_Exercise directions:_ Where does the string "surface" appear in the records? Copy each line that holds it.

===============

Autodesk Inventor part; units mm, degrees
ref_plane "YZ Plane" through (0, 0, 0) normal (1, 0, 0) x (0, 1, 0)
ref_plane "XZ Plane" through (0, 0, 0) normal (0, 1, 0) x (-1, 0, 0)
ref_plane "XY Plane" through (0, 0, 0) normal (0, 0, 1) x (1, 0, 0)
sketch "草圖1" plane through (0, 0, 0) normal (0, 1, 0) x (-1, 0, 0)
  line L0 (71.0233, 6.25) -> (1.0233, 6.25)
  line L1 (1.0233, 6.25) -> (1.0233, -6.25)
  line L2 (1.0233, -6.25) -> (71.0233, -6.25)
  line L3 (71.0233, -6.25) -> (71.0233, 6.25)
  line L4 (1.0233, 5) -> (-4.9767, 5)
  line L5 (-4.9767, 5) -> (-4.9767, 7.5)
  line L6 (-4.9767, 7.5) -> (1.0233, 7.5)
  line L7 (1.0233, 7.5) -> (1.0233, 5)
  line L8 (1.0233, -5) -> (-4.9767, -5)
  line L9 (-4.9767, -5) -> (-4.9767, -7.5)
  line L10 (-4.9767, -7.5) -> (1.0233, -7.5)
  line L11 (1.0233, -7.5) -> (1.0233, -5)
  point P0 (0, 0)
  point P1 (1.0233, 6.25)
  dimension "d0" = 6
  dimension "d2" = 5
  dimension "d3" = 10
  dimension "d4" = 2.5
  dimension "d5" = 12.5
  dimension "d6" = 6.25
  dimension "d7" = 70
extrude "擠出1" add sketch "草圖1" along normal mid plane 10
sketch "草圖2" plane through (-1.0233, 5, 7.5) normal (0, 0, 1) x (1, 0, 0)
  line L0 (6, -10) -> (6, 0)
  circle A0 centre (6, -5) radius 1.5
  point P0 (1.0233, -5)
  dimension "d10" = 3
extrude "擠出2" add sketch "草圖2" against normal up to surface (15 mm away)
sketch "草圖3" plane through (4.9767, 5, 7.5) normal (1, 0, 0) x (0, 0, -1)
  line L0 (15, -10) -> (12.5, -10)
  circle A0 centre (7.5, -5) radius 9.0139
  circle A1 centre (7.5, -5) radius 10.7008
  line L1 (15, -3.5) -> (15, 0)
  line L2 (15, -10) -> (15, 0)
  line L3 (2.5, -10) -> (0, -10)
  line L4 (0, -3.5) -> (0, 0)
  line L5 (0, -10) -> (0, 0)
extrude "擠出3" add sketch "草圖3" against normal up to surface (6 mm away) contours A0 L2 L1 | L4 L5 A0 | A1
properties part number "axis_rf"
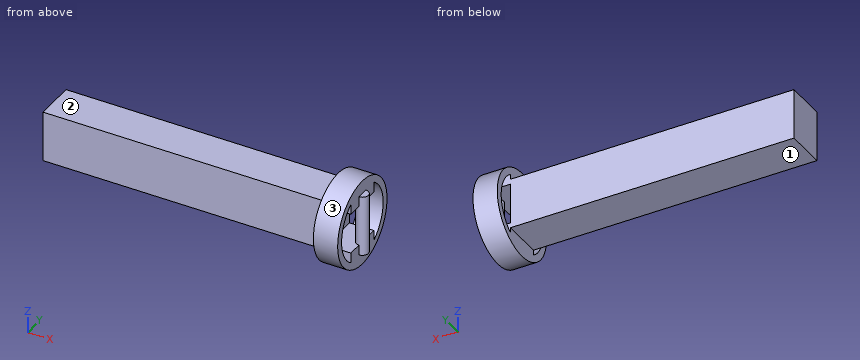
CAD build for the part. Positions are in the model's coordinates, mm. Face numbers are marked on the shaded views. A direction names the side the tool comes from. Round coordinates to 2 decimals unless told otherwise and drop trailing zeros. Write each loop counter-clockwise with the first axis right and the second up, starting at its lowest first coordinate (ties: lowest second). Pieces come first, ordered by that corner, then holes. Notation, with made-up numbers: (16, 44) -> (47, 44) arc R11 ccw to (47, 52) -> close; hole circle Ø8 at (-33.75, -13). An arc over 180 degrees is marked (long way). Answer in a Markdown table with one row per item. Add a question column.
Item 1: Saw through at C-C, the plane x = 0.5. Write the cut outline in (y, z), then the cut area to 3 significant figures.
Item 2: Saw through at B-B, the plane y = 0. Write the cut outline in (x, z), then the cut area to 3 significant figures.
Item 3: Drop flat-ended pins along their axis: pin 1 Ø12 at (x, z) = (-19.5, 1.5) entering from +Y; pin 2 Ø12 at (x, z) = (-41, 2.5) entering from -Y; pin 3 Ø2 at (y, z) = (6.5, 1.5) entering from +X; pin 4 Ø3 at (x, y) = (-51.5, 0) entering from +Z. Give the stop position or say it passes through.
Item 4: Drill centre lines: line 1 (X direction, y = 4.25, z = 9.25); line 2 (Y direction, x = -34, z = 5.5); line 3 (Z direction, x = -34.5, y = -4.5). Where is each one in solid material? Low to high. Write a range as from..to.
Item 5: Which spindle directions (+Z, -Z, +X, -X, +Y, -Y) get a long thin tool onto all of the face, cutting with end or side? Do the marked faces 1, 2 and 3. Say none if no direction does.
Item 6: Saw through at A-A, the plane z = 0. Write the cut outline in (x, y), then the cut area to 3 significant figures.
Item 7: Saw through at D-D, the plane y = -8.25. Write the cut outline in (x, z).
Findings below:
| question | item | result |
|---|---|---|
| 1 | outline | circle Ø21.4 at (0, 0); hole (-5, -7.5) -> (-5, -5) -> (5, -5) -> (5, -7.5) arc R9.01 ccw to (5, 7.5) -> (5, 5) -> (-5, 5) -> (-5, 7.5) arc R9.01 ccw to start |
| 1 | area | 175 mm^2 |
| 2 | outline | (-71.02, -6.25) -> (-1.02, -6.25) -> (-1.02, -10.7) -> (4.98, -10.7) -> (4.98, -7.5) -> (6.48, -7.5) -> (6.48, 7.5) -> (4.98, 7.5) -> (4.98, 10.7) -> (-1.02, 10.7) -> (-1.02, 6.25) -> (-71.02, 6.25) -> close; hole (-1.02, -5) -> (3.48, -5) -> (3.48, 5) -> (-1.02, 5) -> close |
| 2 | area | 981 mm^2 |
| 3 | pin 1 | stops at y = 5 |
| 3 | pin 2 | stops at y = -5 |
| 3 | pin 3 | passes through |
| 3 | pin 4 | stops at z = 6.25 |
| 4 | line 1 | x = -1.02..4.98 |
| 4 | line 2 | y = -5..5 |
| 4 | line 3 | z = -6.25..6.25 |
| 5 | face 1 | -Z, -X, +Y, -Y |
| 5 | face 2 | +Z, -X, +Y, -Y |
| 5 | face 3 | +X, -X |
| 6 | outline | (-71.02, -5) -> (-1.02, -5) -> (-1.02, 5) -> (-71.02, 5) -> close; (-1.02, -10.7) -> (4.98, -10.7) -> (4.98, -9.01) -> (-1.02, -9.01) -> close; (-1.02, 9.01) -> (4.98, 9.01) -> (4.98, 10.7) -> (-1.02, 10.7) -> close; circle Ø3 at (4.98, 0) |
| 6 | area | 727 mm^2 |
| 7 | outline | (-1.02, -6.82) -> (4.98, -6.82) -> (4.98, -3.63) -> (-1.02, -3.63) -> close; (-1.02, 3.63) -> (4.98, 3.63) -> (4.98, 6.82) -> (-1.02, 6.82) -> close |

===============

_Your response:_
extrude "擠出2" add sketch "草圖2" against normal up to surface (15 mm away)
extrude "擠出3" add sketch "草圖3" against normal up to surface (6 mm away) contours A0 L2 L1 | L4 L5 A0 | A1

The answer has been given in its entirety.